While we’re talking about the Washington Post, it recently reported that DC’s mayor may be “losing control of the city”

Now when we talk about cities we’re not talking about nations. Even though I compare the experience of the first black president to the experience of first-time black mayors, the state isn’t a city. Cities can’t mint their own money. Cities can’t declare war. Cities can’t enforce borders. 

In part because of these limits we often look to mayors to be far more of a manager than a political actor.

But what are they asked to manage?

I’d argue that one of the things mayors are asked to manage progressive expectations. In DC’s case the left-leaning city council, who have far more control over the city’s budget than they do in a city like Baltimore, are making demands upon the city that go against the will of the mayor. 

From the article you’d think the city’s spending money hand over fist in order to support every cause from Palestine to Black Lives Matter. Reading the fine print though suggests something different. It suggests more of a pushback against the DC status quo than anything else.  

What drives this pushback? I remember the first time I walked in Adams Morgan. Makani Themba, Founder and then head of The Praxis Project gave me a tour of the neighborhood. She showed me a shell of a brownstone that was purchased for approximately $20,000 that was in the process of being sold for seven figures. 

Where do those profits go? Where should they go?

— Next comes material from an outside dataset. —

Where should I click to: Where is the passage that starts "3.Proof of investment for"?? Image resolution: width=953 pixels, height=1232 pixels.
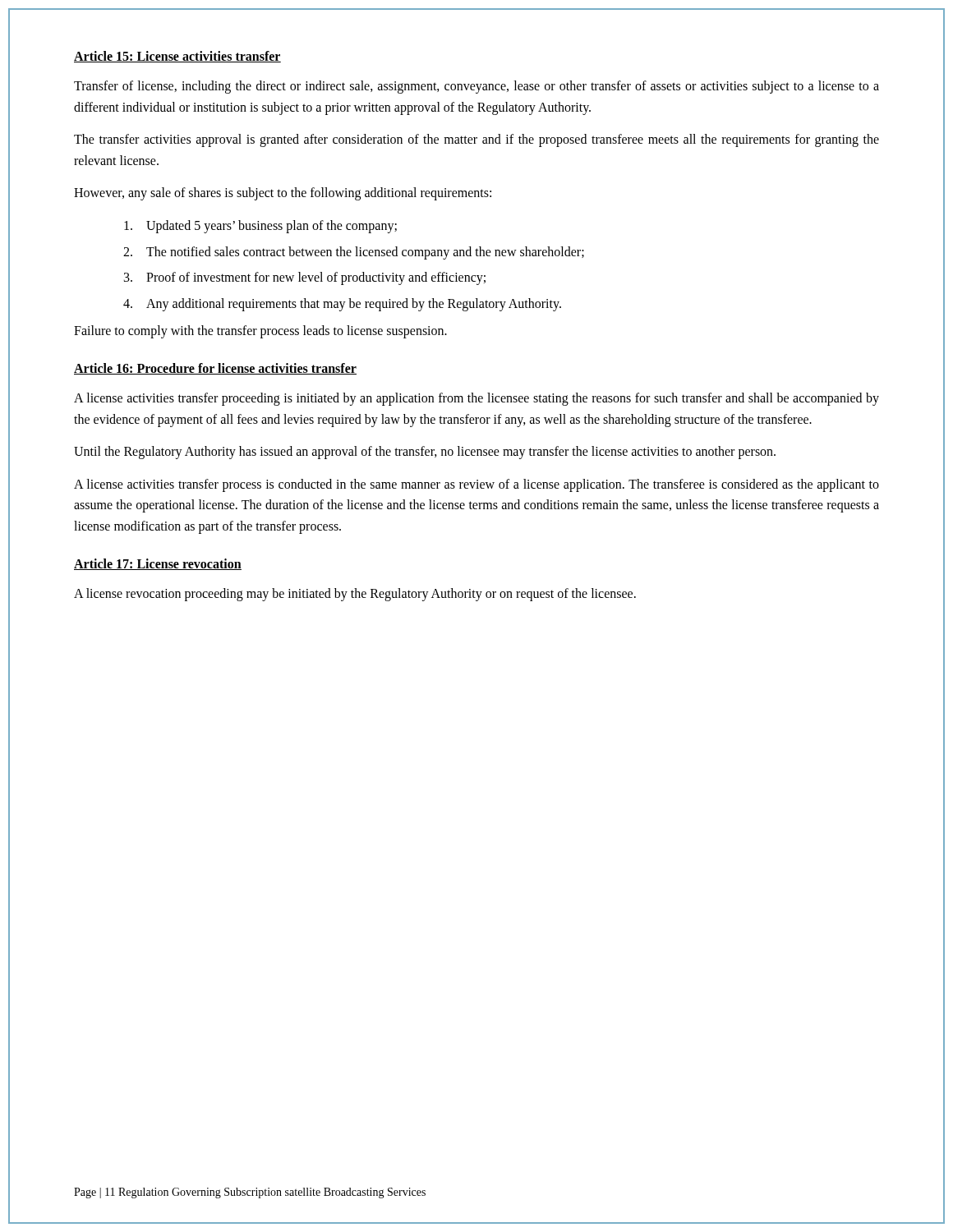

Now I don’t know whether they should go to provide benefits for city workers…but in as much as there’s a long term trend to reduce benefits to public workers at the local, state, and federal level (under Clinton there were approximately 4.9 million federal workers, under Obama that number’s fallen by about 700,000; a similar trend )…this pushback is remarkable and welcome. 

Cathy Pugh just took the reigns of power here in Baltimore. Although there was a sense that she’d be better than Stephanie Rawlings-Blake at dealing with the needs of black working class citizens, it’s telling that one of the first acts she engaged in as mayor was to write a letter to Trump asking for support for the Port Covington project

If the election holds, and again it’s crazy that I even write this, the city will be the line in the sand. And we need to do the work required to make that position intensely political. Vehicles like The Washington Post and The Baltimore Sun will likely report these moves as signaling “a loss of control”. We’d do best to recognize these attempts for what they are.

…..

That’s it for now. If I’ve my calendar right next week is the last one of these for the year. Rather than pontificate on what we should do now, I think I’ll save that for the next one. 

Glad as hell I ended up moving my flight to Detroit to Tuesday. Otherwise I wouldn’t have been able to hang out until 5:30am listening to two of the best DJs in North America, on the heels of serving as the kitchen DJ at one of the best Xmas parties in Baltimore.

(i don’t put a hell of a lot of stock in hope. but i put a lot of stock in a banging party.)

My name is Lester Spence. You’re reading the Counterpublic Papers. Lighly edited. And every now and then worth reading. For the Xmas folk among you, don't drink the egg nogg.